The second part of the series excoriated the American news media, including The New York Times, for failing to anticipate and explain Mr. Trump’s rise, especially among blue-collar voters.
“It’s difficult for such a media to reflect the realities of America,” read one commentary in that issue. “How much it can contribute to the development of American democracy is also doubtful.”
The latest in the series argued that Mr. Trump’s policies would take the United States’ already dangerous budget deficit to even more perilous heights.
“It will be hard to avoid a snowballing increase in debt levels,” one of the articles said. “Without doubt, the American government’s debt situation is unsustainable.”
There is some irony in all this — not least, in a heavily censored party-run paper that faithfully echoes official views scolding the American news media for failing to take on the powerful.
China’s own problems with debt have also raised alarm with investors, and Mr. Xi’s crackdown on official corruption has revealed levels of plunder that have no equivalent in Washington. And while Chinese politicians like to criticize the United States, they also often send their children there to study. Mr. Xi’s own daughter, for example, attended Harvard.

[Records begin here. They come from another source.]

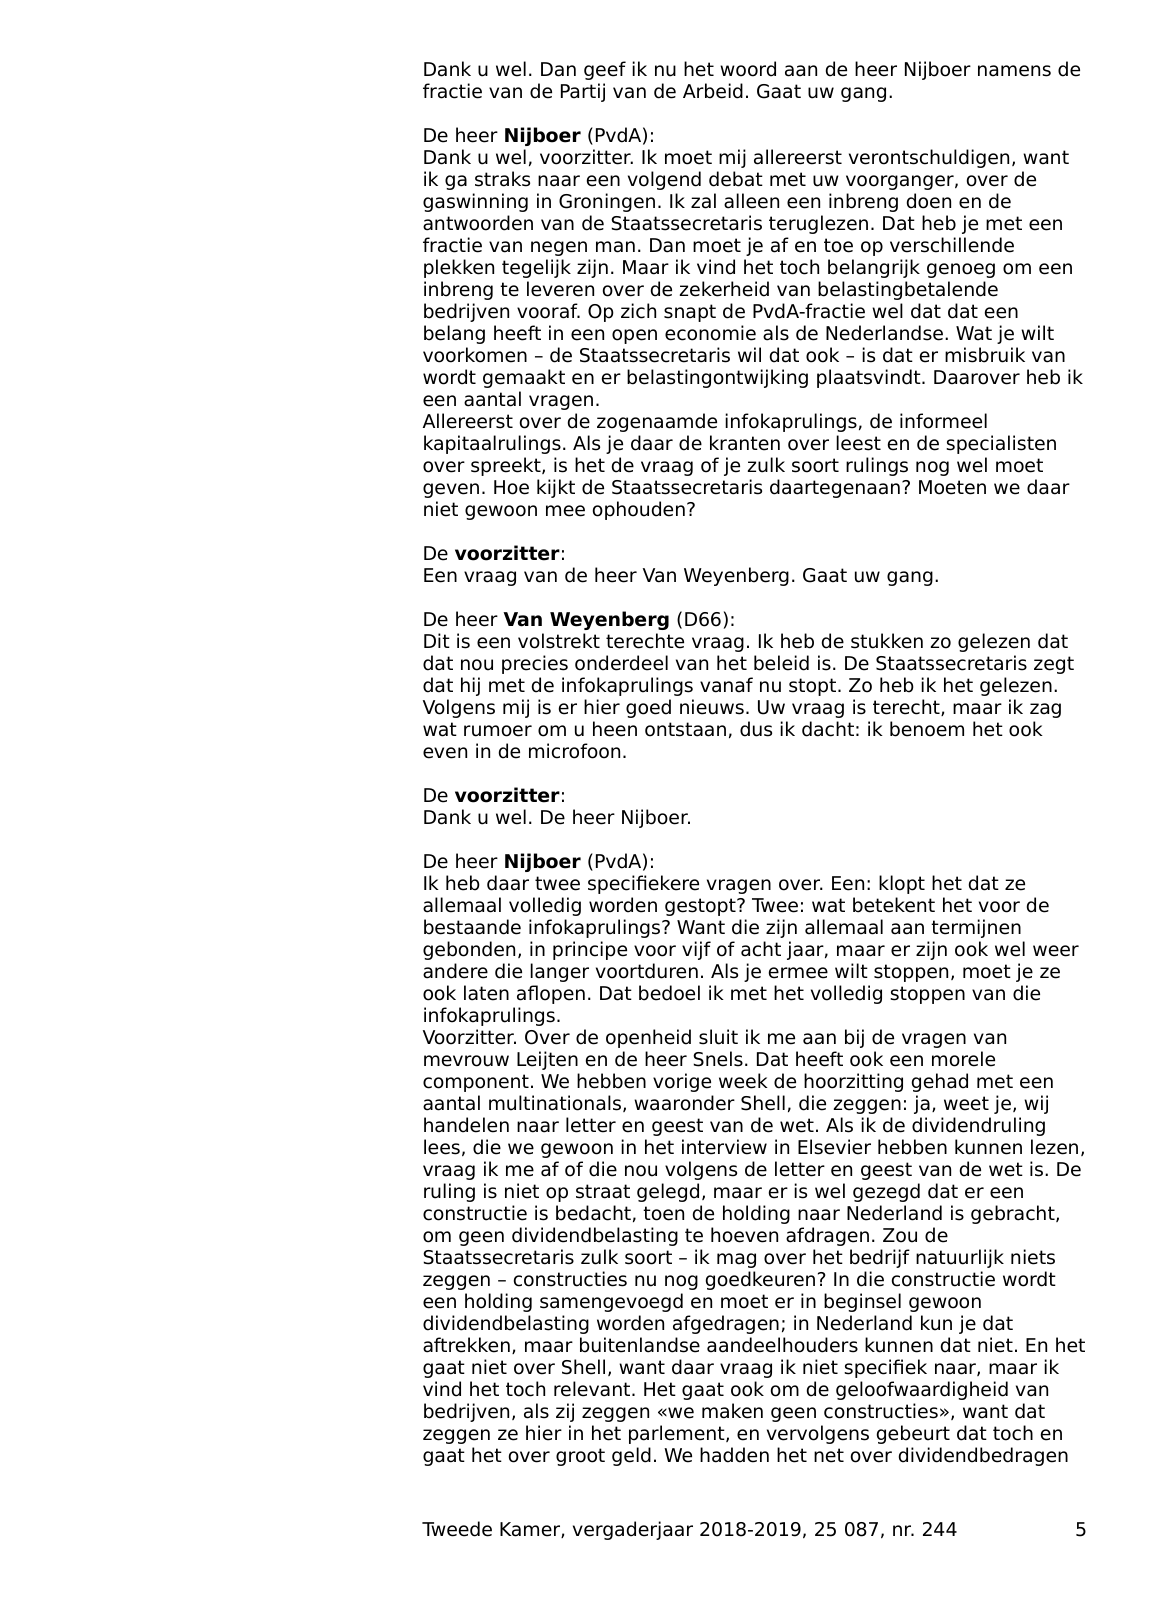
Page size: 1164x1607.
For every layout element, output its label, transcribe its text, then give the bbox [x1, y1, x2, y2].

text De heer Van Weyenberg (D66): [422, 609, 1087, 631]
text Dank u wel, voorzitter. Ik moet mij allereerst verontschuldigen, want ik ga straks naar een volgend debat met uw voorganger, over de gaswinning in Groningen. Ik zal alleen een inbreng doen en de antwoorden van de Staatssecretaris teruglezen. Dat heb je met een fractie van negen man. Dan moet je af en toe op verschillende plekken tegelijk zijn. Maar ik vind het toch belangrijk genoeg om een inbreng te leveren over de zekerheid van belastingbetalende bedrijven vooraf. Op zich snapt de PvdA-fractie wel dat dat een belang heeft in een open economie als de Nederlandse. Wat je wilt voorkomen – de Staatssecretaris wil dat ook – is dat er misbruik van wordt gemaakt en er belastingontwijking plaatsvindt. Daarover heb ik een aantal vragen. [422, 147, 1087, 411]
text Allereerst over de zogenaamde infokaprulings, de informeel kapitaalrulings. Als je daar de kranten over leest en de specialisten over spreekt, is het de vraag of je zulk soort rulings nog wel moet geven. Hoe kijkt de Staatssecretaris daartegenaan? Moeten we daar niet gewoon mee ophouden? [422, 411, 1087, 521]
text De heer Nijboer (PvdA): [422, 851, 1087, 873]
text Ik heb daar twee specifiekere vragen over. Een: klopt het dat ze allemaal volledig worden gestopt? Twee: wat betekent het voor de bestaande infokaprulings? Want die zijn allemaal aan termijnen gebonden, in principe voor vijf of acht jaar, maar er zijn ook wel weer andere die langer voortduren. Als je ermee wilt stoppen, moet je ze ook laten aflopen. Dat bedoel ik met het volledig stoppen van die infokaprulings. [422, 873, 1087, 1027]
text Dit is een volstrekt terechte vraag. Ik heb de stukken zo gelezen dat dat nou precies onderdeel van het beleid is. De Staatssecretaris zegt dat hij met de infokaprulings vanaf nu stopt. Zo heb ik het gelezen. Volgens mij is er hier goed nieuws. Uw vraag is terecht, maar ik zag wat rumoer om u heen ontstaan, dus ik dacht: ik benoem het ook even in de microfoon. [422, 631, 1087, 763]
text Een vraag van de heer Van Weyenberg. Gaat uw gang. [422, 565, 1087, 587]
text De heer Nijboer (PvdA): [422, 125, 1087, 147]
text Dank u wel. Dan geef ik nu het woord aan de heer Nijboer namens de fractie van de Partij van de Arbeid. Gaat uw gang. [422, 59, 1087, 103]
text Dank u wel. De heer Nijboer. [422, 807, 1087, 829]
text De voorzitter: [422, 543, 1087, 565]
text De voorzitter: [422, 785, 1087, 807]
text Voorzitter. Over de openheid sluit ik me aan bij de vragen van mevrouw Leijten en de heer Snels. Dat heeft ook een morele component. We hebben vorige week de hoorzitting gehad met een aantal multinationals, waaronder Shell, die zeggen: ja, weet je, wij handelen naar letter en geest van de wet. Als ik de dividendruling lees, die we gewoon in het interview in Elsevier hebben kunnen lezen, vraag ik me af of die nou volgens de letter en geest van de wet is. De ruling is niet op straat gelegd, maar er is wel gezegd dat er een constructie is bedacht, toen de holding naar Nederland is gebracht, om geen dividendbelasting te hoeven afdragen. Zou de Staatssecretaris zulk soort – ik mag over het bedrijf natuurlijk niets zeggen – constructies nu nog goedkeuren? In die constructie wordt een holding samengevoegd en moet er in beginsel gewoon dividendbelasting worden afgedragen; in Nederland kun je dat aftrekken, maar buitenlandse aandeelhouders kunnen dat niet. En het gaat niet over Shell, want daar vraag ik niet specifiek naar, maar ik vind het toch relevant. Het gaat ook om de geloofwaardigheid van bedrijven, als zij zeggen «we maken geen constructies», want dat zeggen ze hier in het parlement, en vervolgens gebeurt dat toch en gaat het over groot geld. We hadden het net over dividendbedragen [422, 1027, 1087, 1467]
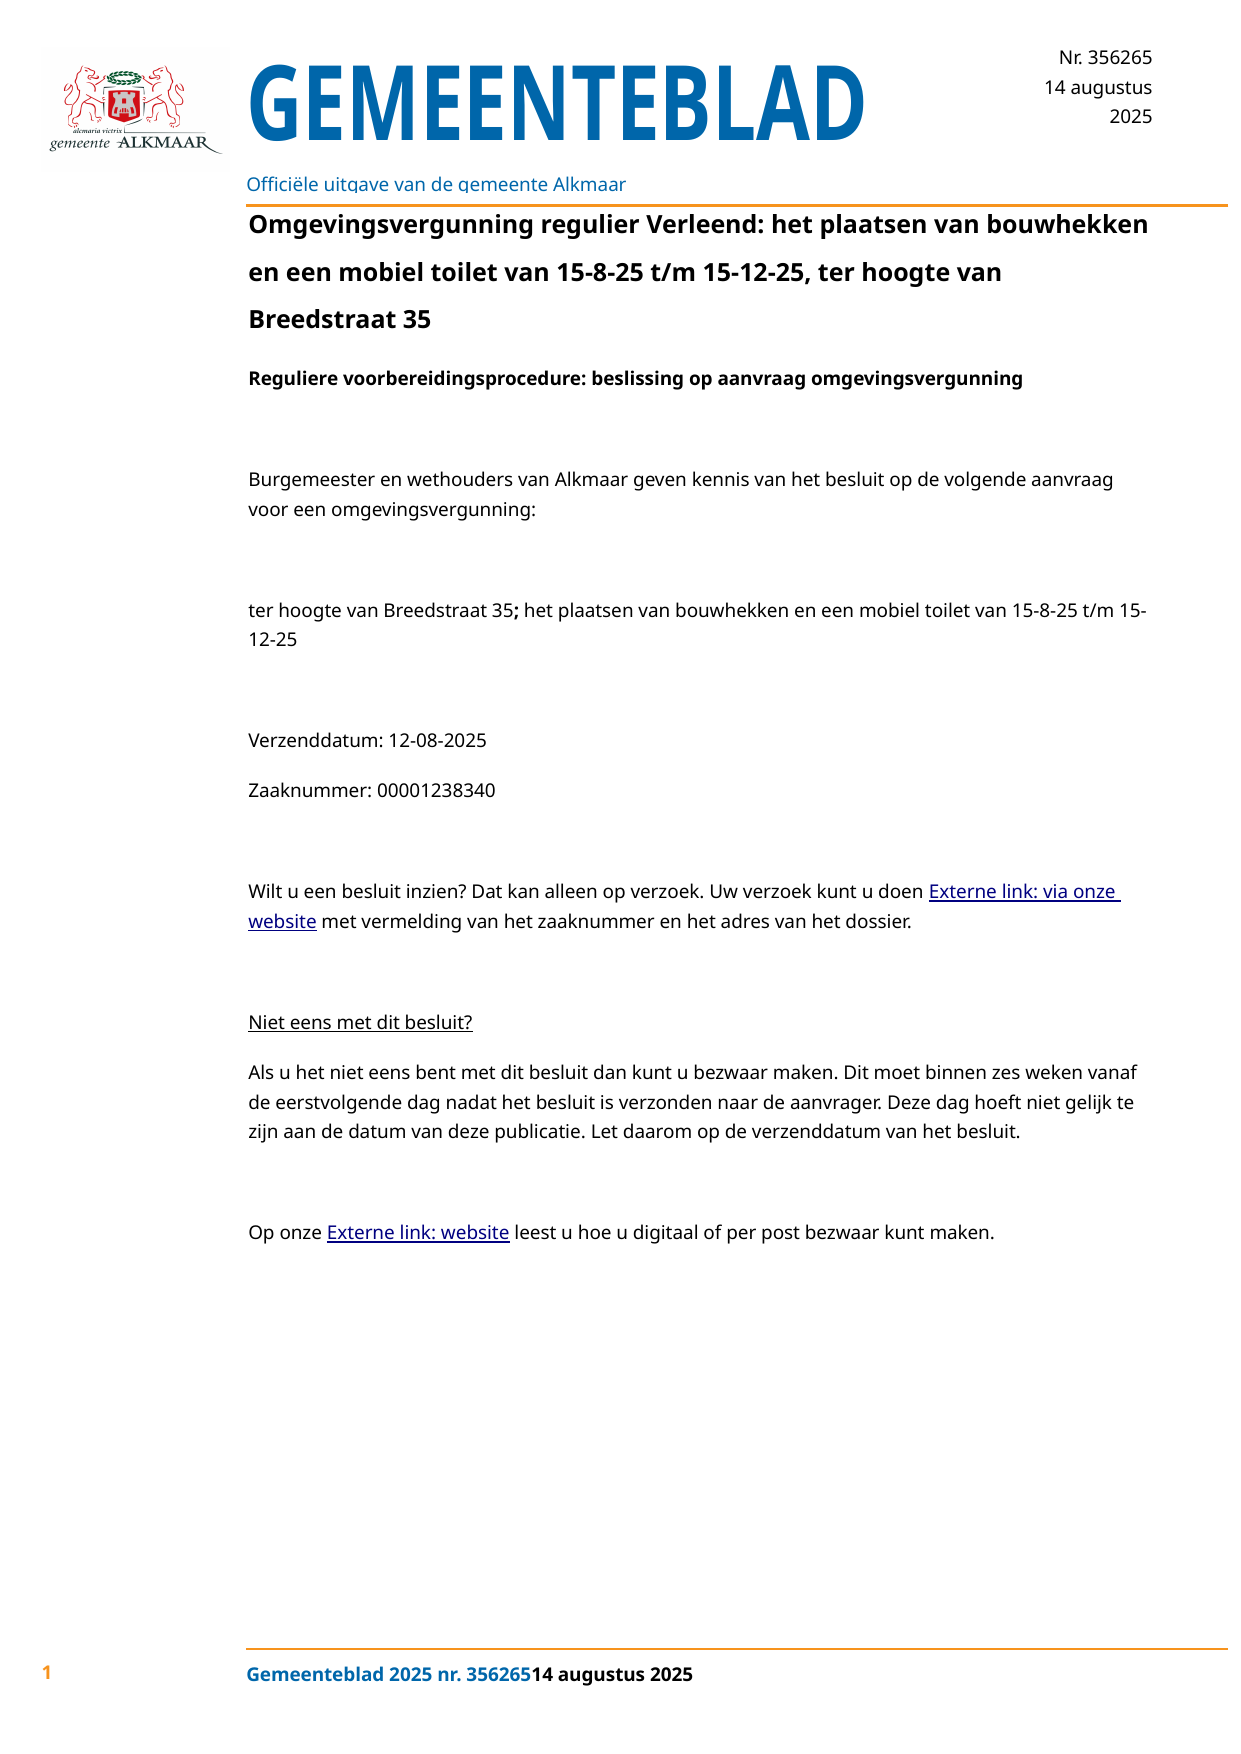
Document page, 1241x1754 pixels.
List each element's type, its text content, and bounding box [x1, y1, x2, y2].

text Niet eens met dit besluit? [248, 1009, 1152, 1034]
text ter hoogte van Breedstraat 35; het plaatsen van bouwhekken en een mobiel toilet van 15-8-25 t/m 15-12-25 [248, 597, 1152, 652]
text Verzenddatum: 12-08-2025 [248, 727, 1152, 753]
text Burgemeester en wethouders van Alkmaar geven kennis van het besluit op de volgende aanvraag voor een omgevingsvergunning: [248, 466, 1152, 522]
text Omgevingsvergunning regulier Verleend: het plaatsen van bouwhekken en een mobiel toilet van 15-8-25 t/m 15-12-25, ter hoogte van Breedstraat 35 [248, 207, 1152, 336]
text Wilt u een besluit inzien? Dat kan alleen op verzoek. Uw verzoek kunt u doen Externe link: via onze website met vermelding van het zaaknummer en het adres van het dossier. [248, 878, 1152, 934]
picture [41, 47, 231, 172]
text Als u het niet eens bent met dit besluit dan kunt u bezwaar maken. Dit moet binnen zes weken vanaf de eerstvolgende dag nadat het besluit is verzonden naar de aanvrager. Deze dag hoeft niet gelijk te zijn aan de datum van deze publicatie. Let daarom op de verzenddatum van het besluit. [248, 1059, 1152, 1144]
text Op onze Externe link: website leest u hoe u digitaal of per post bezwaar kunt maken. [248, 1219, 1152, 1245]
text Zaaknummer: 00001238340 [248, 778, 1152, 803]
text Reguliere voorbereidingsprocedure: beslissing op aanvraag omgevingsvergunning [248, 366, 1152, 391]

How long and intensely the criticism persists will depend on Mr. Trump’s policies after he takes office, said Qiao Mu, a liberal commentator and researcher at Beijing Foreign Studies University.
“They always have two faces. One is talking up the friendship between China and the United States, but there is also the criticism and suspicion of America and its political system,” Mr. Qiao said. “When a leader is preparing to visit, there’ll always be upbeat reports.”